Society is also plagued with the idea that beauty is the only important thing for a woman. Piercy mentions that the people around the girl only “saw a fat nose on thick legs.” (Piercy) This shows how the media has also affected everyone around the girl into thinking that just because she doesn’t look like a model, that she cannot achieve anything in her life. The people around her cannot look past her nose and thighs to see what kind of human being the girl is. Society has been taught by the media that if a woman is not beautiful, then she cannot thrive until she is beautiful. The woman should workout and starve herself until she has the body of a model so that her work and ideas can be appreciated by the world. 

The study focused on how the beauty ads on television affect “audience conceptions of social reality, or perceptions about the facts,” (Tan,285) The study goes into how beauty commercials can affect the minds of adolescents who watch those commercials. The commercials portray a false reality in which gives the adolescent male and females unrealistic expectations of the female body. The perceptions of reality of the viewers of these commercials are then altered on the importance of sex appeal. The girl in the poem has been affected by these commercials to thinking she is not good enough because of her looks, when in reality, “she was healthy, tested intelligent, possessed strong arms and back,” (Piercy) The media has changed her perceptions of what is important through beauty commercials. The girl is healthy, which should be the only priority, she is also intelligent which is one of the most important things in life but she doesn’t see it that way. The way she sees it, if she is not as beautiful as a model she will never be successful in life so she decides to kill herself. The results of the experiment showed that “Subjects exposed to the beauty commercials gave significantly higher importance ratings to the beauty characteristics for the role "to be popular with men".”(Tan,288)  Those who watched other commercials did not have these views.

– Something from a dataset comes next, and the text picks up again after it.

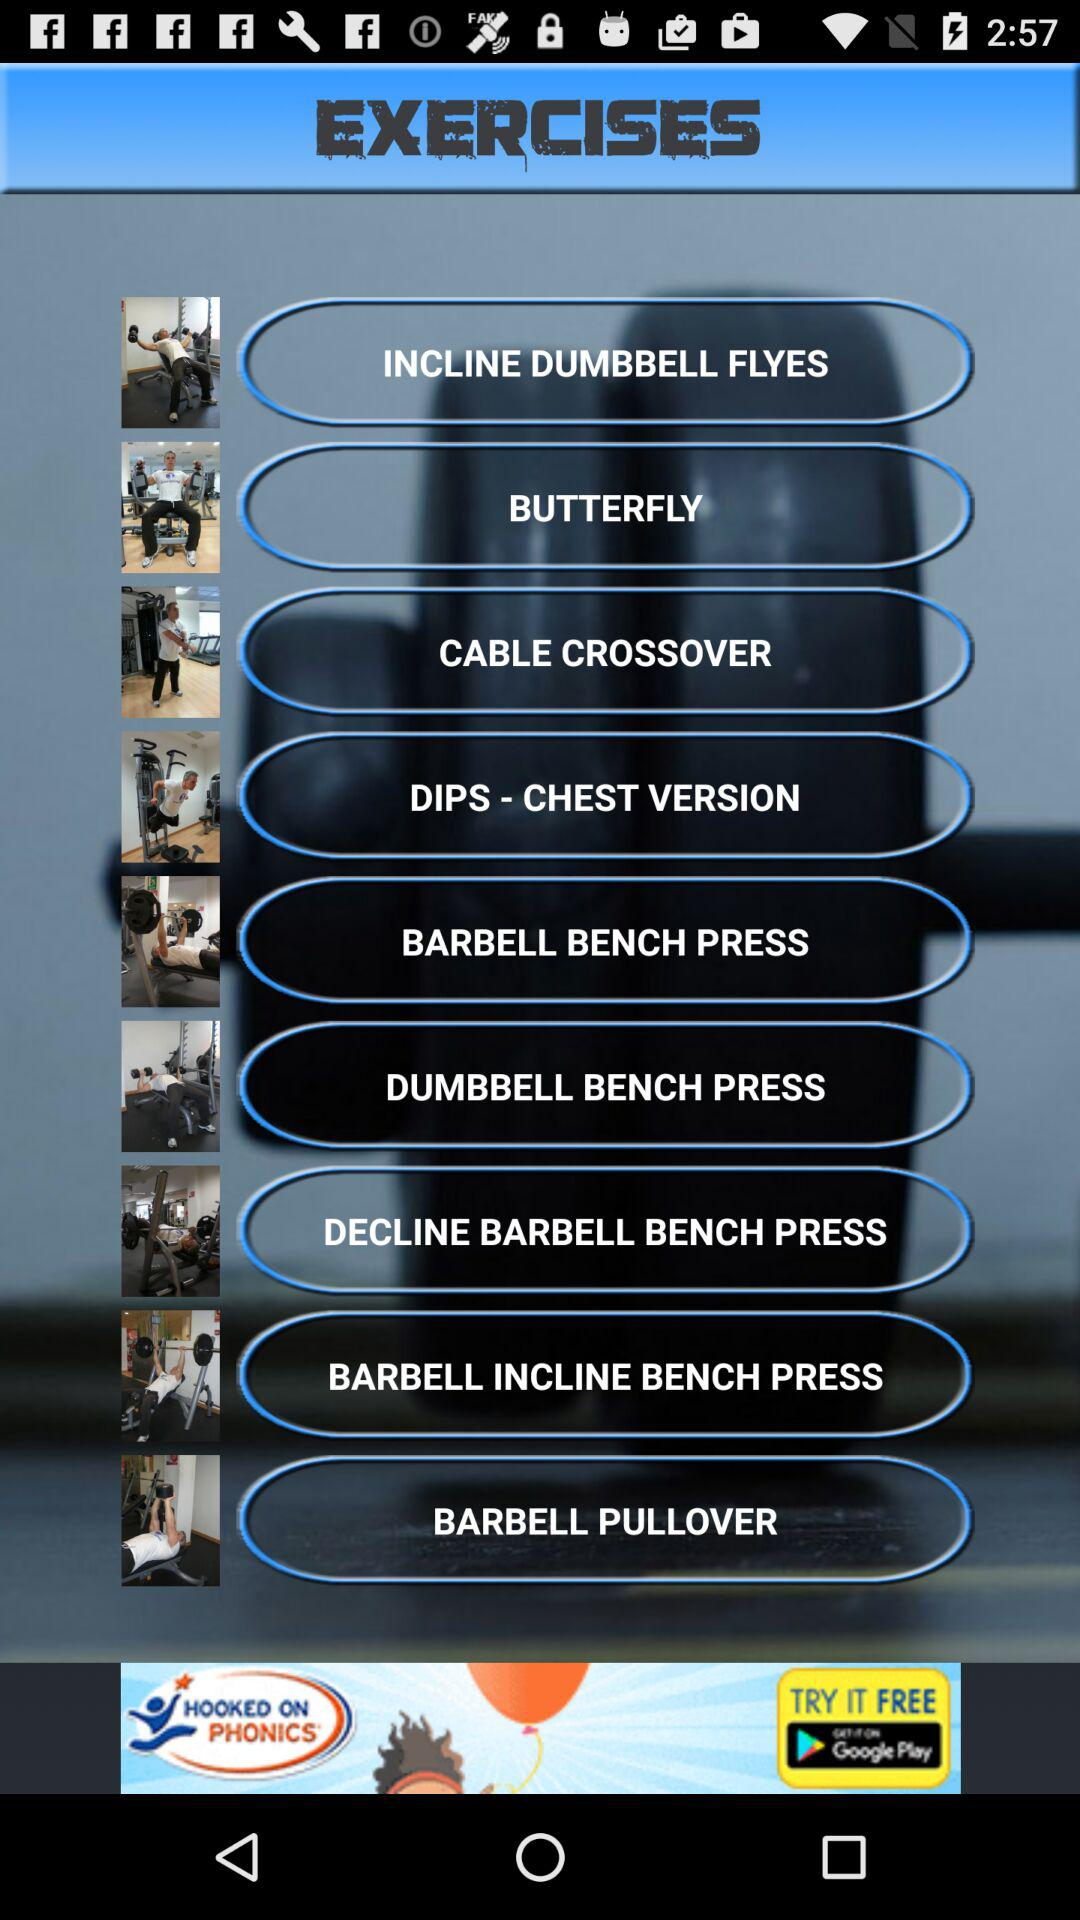What are the different types of exercises? The different types of exercises are incline dumbbell flyes, butterfly, cable crossover, dips-chest version, barbell bench press, dumbbell bench press, decline barbell bench press, barbell incline bench press and barbell pullover.

The media has so much power over the thoughts of young girls that they decide to kill themselves because they feel they are inferior to the models they see on television.  At the end of the poem, Piercy mentions that the girl commits suicide and the only time she feels good about herself is when she is in the casket with the undertaker’s makeup on. At the end of the poem Piercy says “to every woman a happy ending.” (Piercy) which just proves that the only way that the girl was going to be happy was if others thought she was beautiful. The people around the girl put her down her entire life for not being pretty enough, but when she was dead they all said “Doesn’t she look pretty?” (Piercy) If only looks weren’t as important in society then maybe the girl would not have killed herself. If it didn’t matter what society viewed as attractive, then the girl would not have viewed her looks as important as she did. 

The media and the beauty industry has changed viewer’s perceptions of what is important for the worst. When these ads and commercials are viewed over and over again, they slowly change the viewer’s ideas of what is important and as a result now view beauty as the most important aspect of life for a woman. Piercy’s “Barbie Doll” is the perfect example of how many people view beauty as the most important aspect of life. The girl in the poem did not feel beautiful and therefore did not feel as though she was good enough to live so she killed herself. The girl in the poem was intelligent and healthy, which should have been enough, but no, people put her down because she didn’t have the body of a model. Recently there has been a push in the beauty industry to use “real women” in their ads as opposed to using size zero models. This push was stopped quickly by many companies in the beauty industry because they claimed that using any models except the size zero models effected sales for the worst. One company, Aerie, however has stuck with the “real women” campaign and their sales have been booming. Aerie has been using real, photocopied women in their underwear ads and it has sent sales through the roof. Maybe this is the push the beauty industry needs to stop setting the standards for women so high.